> _Goal of the exercise_: Where in the listing does the string "roll" appear? Copy every line that holds it.

> _Material to process_:
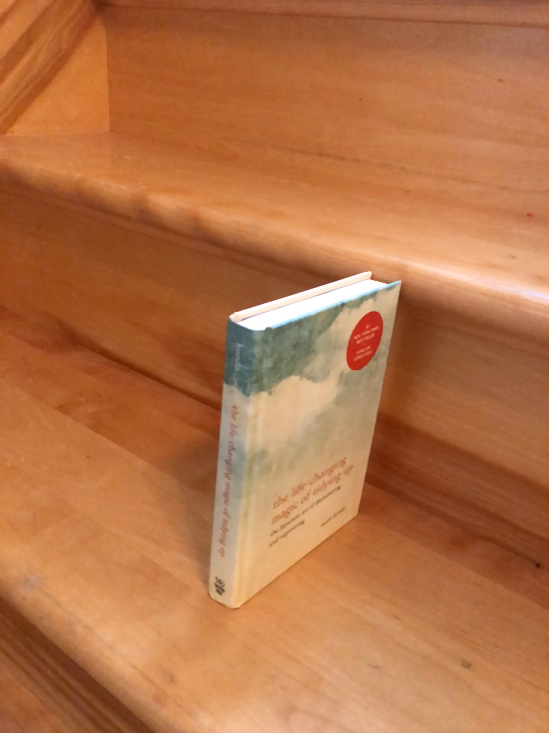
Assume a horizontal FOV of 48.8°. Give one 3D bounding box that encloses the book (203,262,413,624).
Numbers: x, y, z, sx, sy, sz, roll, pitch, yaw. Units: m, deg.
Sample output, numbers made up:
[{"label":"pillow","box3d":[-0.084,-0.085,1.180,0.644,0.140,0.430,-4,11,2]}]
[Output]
[{"label":"book","box3d":[0.021,0.045,0.384,0.027,0.199,0.140,26,33,35]}]
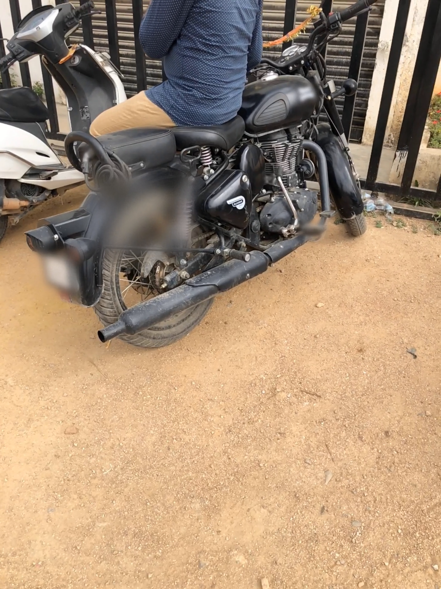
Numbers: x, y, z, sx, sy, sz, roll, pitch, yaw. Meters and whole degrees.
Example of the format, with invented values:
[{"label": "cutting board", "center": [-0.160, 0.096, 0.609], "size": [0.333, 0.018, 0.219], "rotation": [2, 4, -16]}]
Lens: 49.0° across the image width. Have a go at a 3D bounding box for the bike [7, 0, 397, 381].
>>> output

> _Exercise result_:
Numbers: x, y, z, sx, sy, sz, roll, pitch, yaw. Units: m, deg.
Numbers: x, y, z, sx, sy, sz, roll, pitch, yaw. Meters and whole degrees.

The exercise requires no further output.